With potential Ukraine peace negotiations on the horizon, international accountability for Russia’s actions faces increasing uncertainty, according to Fredrik Wesslau, distinguished policy fellow at the Stockholm Centre for Eastern European Studies.
In an opinion piece for Politico published on 18 March, Wesslau warns that a “bad peace deal for Ukraine” appears increasingly likely, making accountability for Russian war crimes “a more distant prospect than at any time since Russia’s full-throttle invasion of Ukraine.”
The Trump administration has demonstrated willingness to negotiate peace “largely on Russia’s terms.” This approach has already manifested in the US withdrawal from the International Center for the Prosecution of the Crime of Aggression against Ukraine, which investigates leadership responsibility for the invasion.
“The current US administration is hostile to international justice,” Wesslau writes, citing sanctions imposed against the International Criminal Court for investigations into Israeli officials – sanctions that now hamper the court’s ability to investigate war crimes in Ukraine.
Wesslau cautions that Trump might accept an amnesty clause for Russian President Vladimir Putin and other Kremlin officials involved in the war. Such a move would align with Trump’s worldview that “might makes right” and his “strongman admiration of Putin,” according to the opinion piece.
An amnesty for serious international crimes would violate international law, Wesslau notes, while empowering other autocrats to “seize others’ territory without consequences.”
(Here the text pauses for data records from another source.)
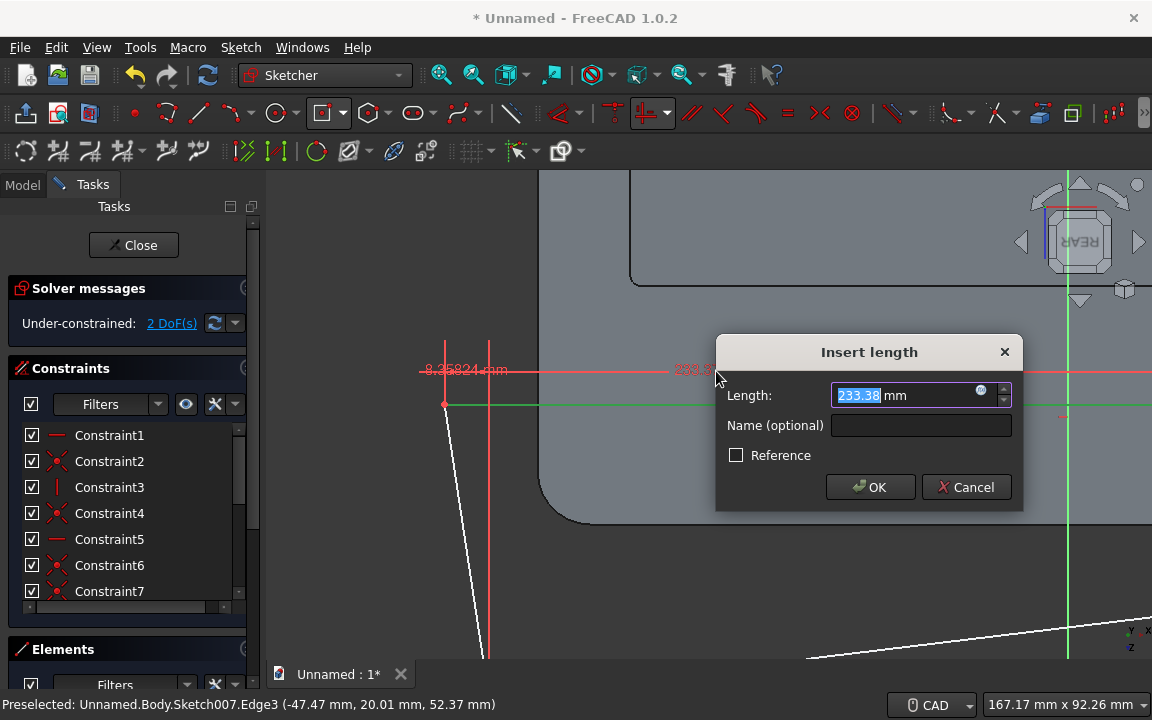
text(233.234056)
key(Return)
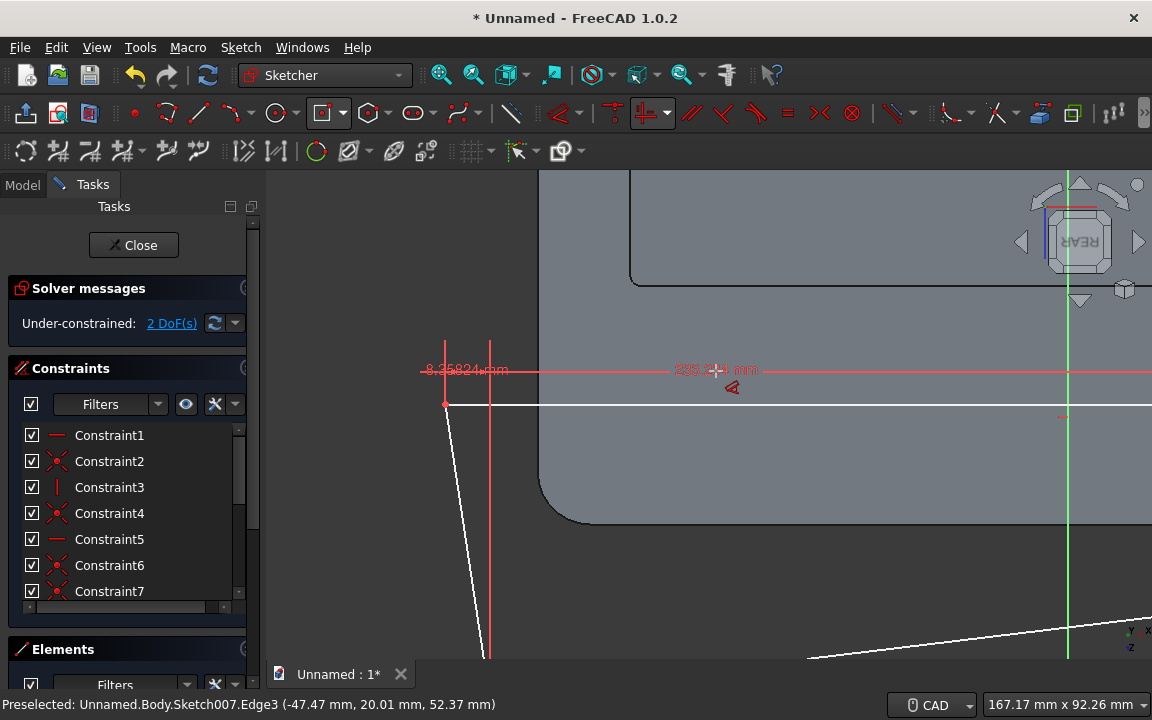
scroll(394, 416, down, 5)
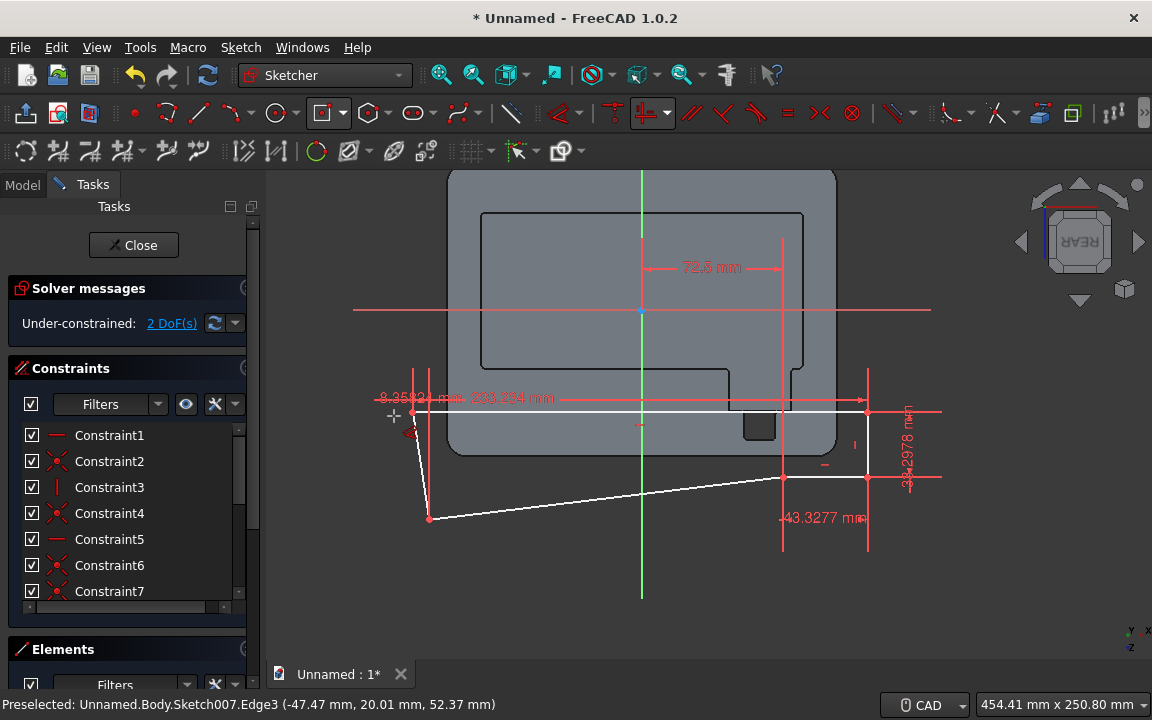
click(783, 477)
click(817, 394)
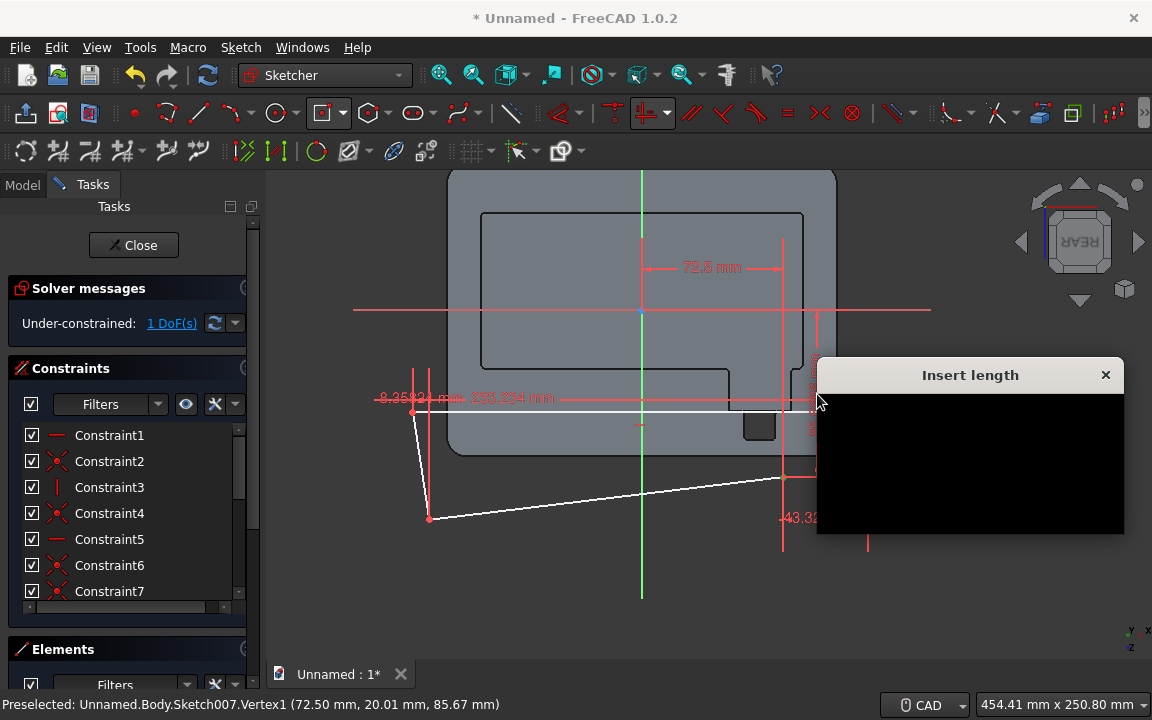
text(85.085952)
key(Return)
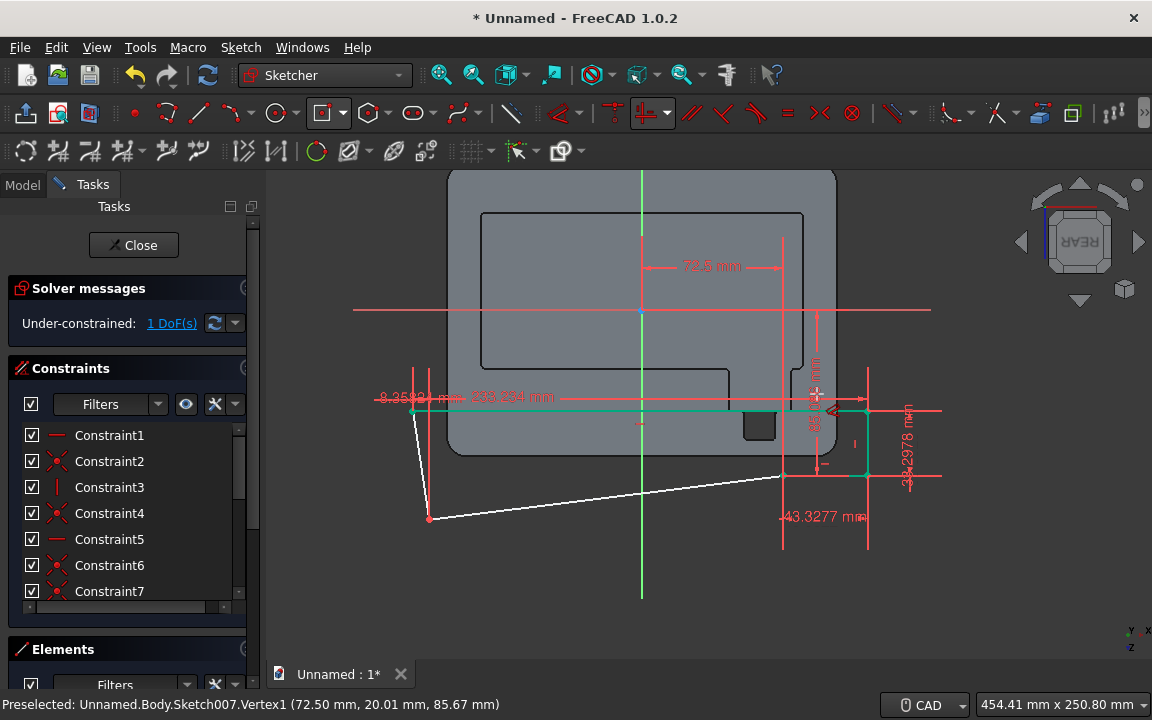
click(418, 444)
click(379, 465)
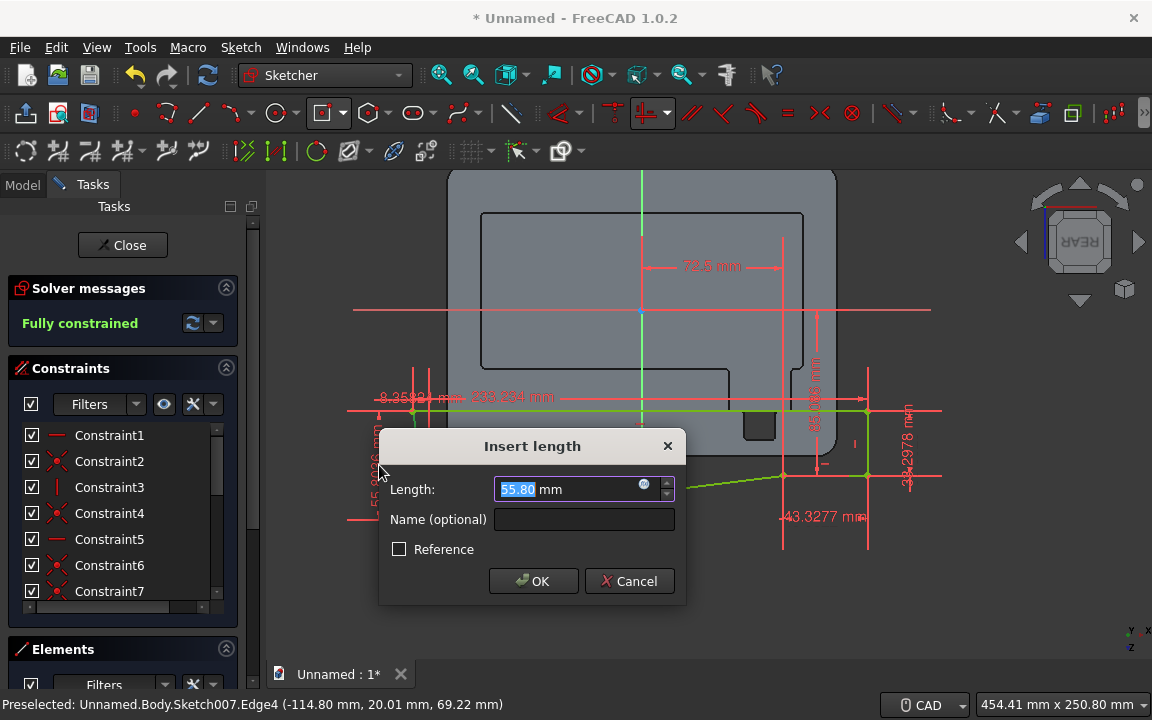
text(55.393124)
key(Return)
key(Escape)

EU action required right now
Wesslau urges the European Union to act immediately, before peace negotiations begin, to “lock in and protect accountability efforts in Ukraine.” The centerpiece of this strategy should be establishing the proposed Special International Tribunal for the Crime of Aggression.
“Russia’s aggression against Ukraine is the original crime that paved the way for all other international crimes committed in Ukraine,” Wesslau writes in Politico. Unlike war crimes and genocide, no international tribunal currently exists that can prosecute aggression, necessitating an ad hoc tribunal.
Nearly 40 countries have been working with Ukraine since 2023 to establish this tribunal, and Wesslau notes they are “now close to agreeing on how it would operate.” If a peace deal includes amnesty provisions, establishing the tribunal afterward would become politically challenging.